The story is not that functional in the narrow sense – just a few simplte moves. What, then, makes up these tracts of unfunctional material. To which of the four Genettian narrative movements to they belong? Summary, Scene, ellipsis, descriptive pause? Or some quite other movement to be established? This will fall to be dealt with in a later post. For now, to return to the issue of the many adaptations this story has engendered. As I went into in a previous post, the Brett-Hardwicke series takes as one of its main points of departure a scene that is not even a scene: not presented by Watson as our homodiegetic narrator, but summarily recounted by Holmes to the narrator. It is a matter of small cues, almost immaterial functionally and in terms of volume of the narrative vanishingly small, but that nevertheless have that kernel of suggestiveness which adaptors can make use of.

But the other notable feature of the story is the working out of justice. Where this differs from other stories, is that justice is done through what is legally murder. Further, the absolute outlier as a scenario among Holmes stories is that Holmes and Watson could have tried to do something.

No interference upon our part could have saved the man from his fate; but as the woman poured bullet after bullet into Milverton’s shrinking body I was about to spring out, when I felt Holmes’s cold, strong grasp upon my wrist. I understood the whole argument of that firm, restraining grip—that it was no affair of ours; that justice had overtaken a villain; that we had our own duties and our own objects which were not to be lost sight of. (381-382)

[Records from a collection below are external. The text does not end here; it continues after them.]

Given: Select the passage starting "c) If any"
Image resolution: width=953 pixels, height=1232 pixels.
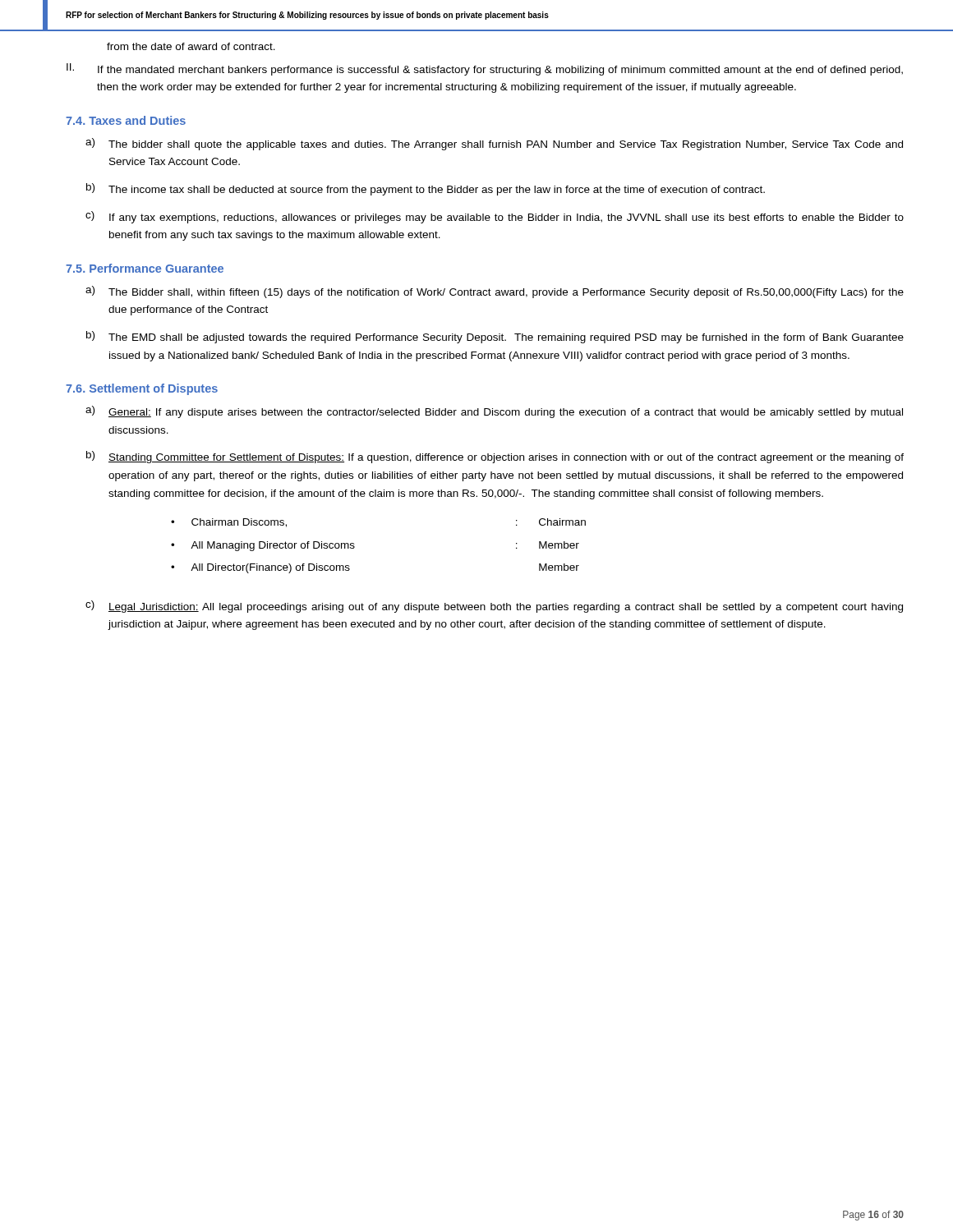Looking at the screenshot, I should [x=495, y=226].
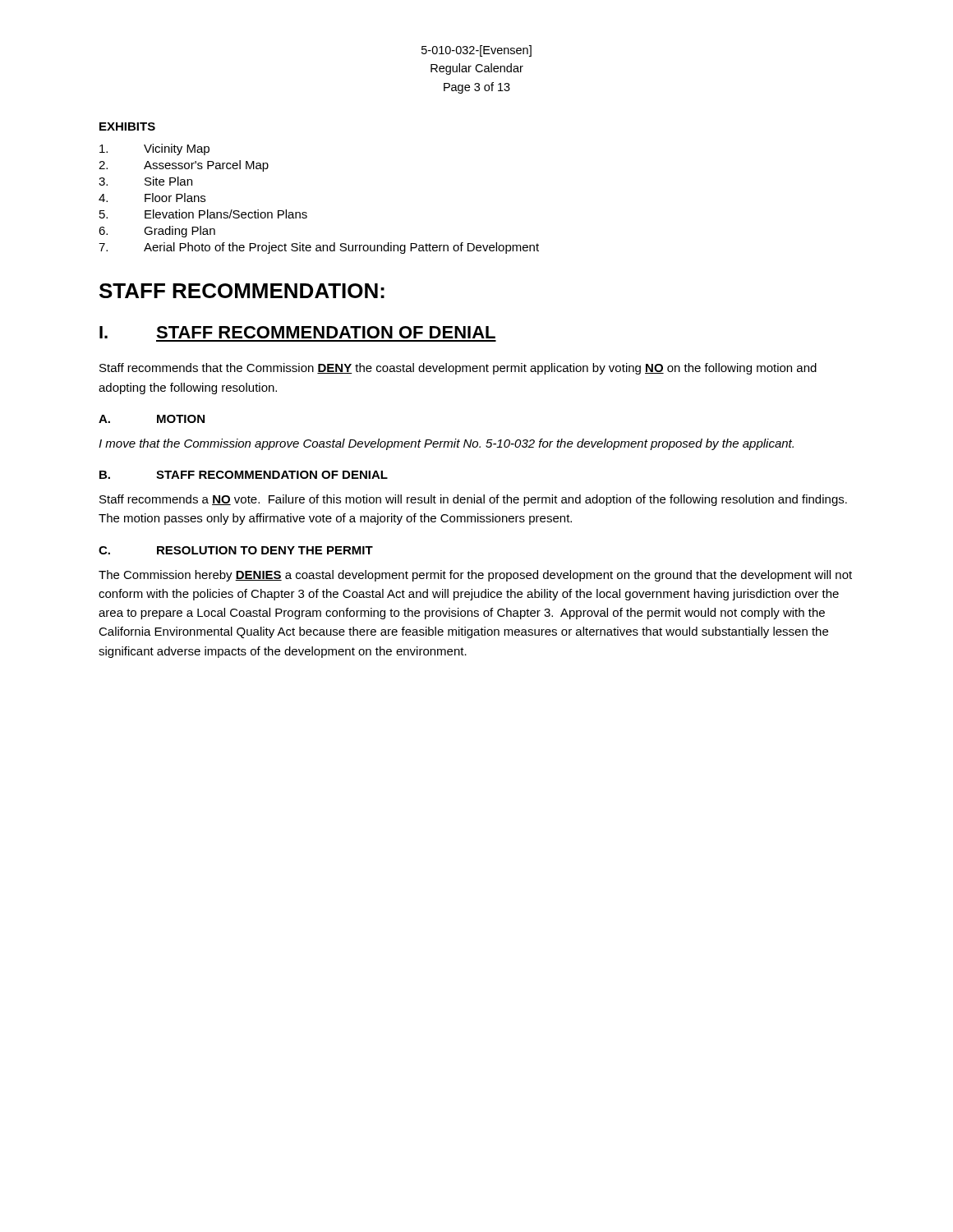The width and height of the screenshot is (953, 1232).
Task: Where does it say "STAFF RECOMMENDATION:"?
Action: (x=242, y=291)
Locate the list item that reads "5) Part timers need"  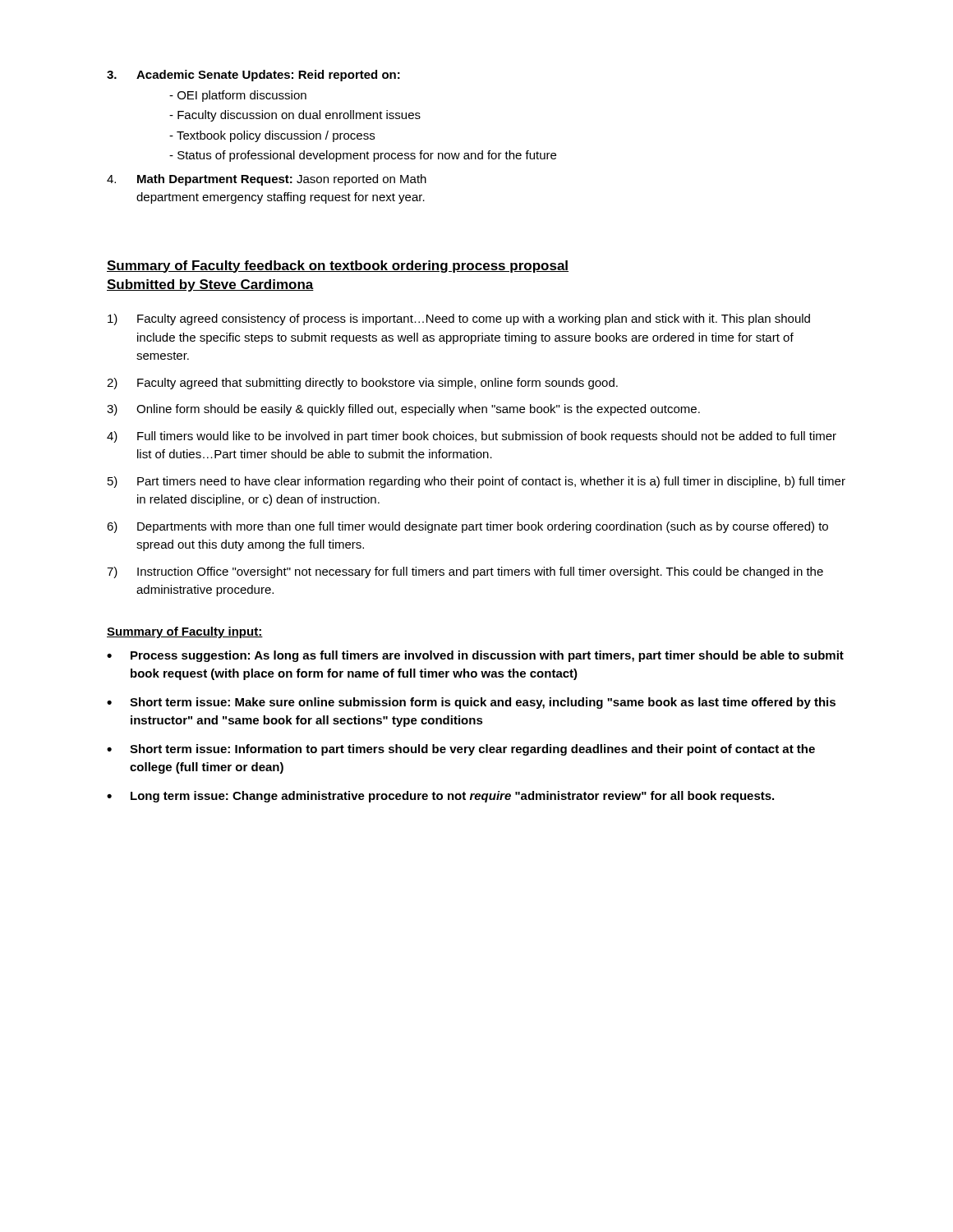pos(476,490)

These lines are the hub of the story, suggesting a moral dilemma adaptors have been quick to seize on, certainly the makers of Sherlock and “His Last Vow”. Watson insists as post facto narrator that they could not have saved Milverton, but, I repeat, they could have tried, and that is where this story has its interest. Note, also, that the quoted passage is given after the murderess has left. The moment of Watson’s almost-intervention is actually just a flashback, a sentence or two later than strict diegetic chronology would dictate. If we had put it in its place, we would note that not only did he not intervene during the shooting, but he also didn’t intervene during the time after, when she ground her heel into M.’s face (and shouldn’t Lestrade have mentioned the detail of the woman’s shoe? Did it not suggest another actor on the scene?). The cathartic power of sadistic violence against a very bad person is fully harnessed here by the use of this deus ex machina of the woman who has been  victim to M at some past time. She does what Holmes would like to do, and what, the author implies, all right-thinking, justice-loving persons would also like. The connection between Holmes and justice is never more strained, more troubled, than in this story, so the scope for ethico-moral readings or for ideological shifts in adaptation is great. All of this is in the context of our cultural love for Sherlock Holmes. The power of “Charles Augustus Milverton” is not of this story alone, but is strongly intertextual: it is its place within the Holmesian canon that makes it of interest, and what it says about this great character. Otherwise, it would simply be a lazily plotted potboiler; which, in a sense, it still is, but once the character of Holmes, with all of his pre-established indices and connotations, is added, it becomes a lot more interesting.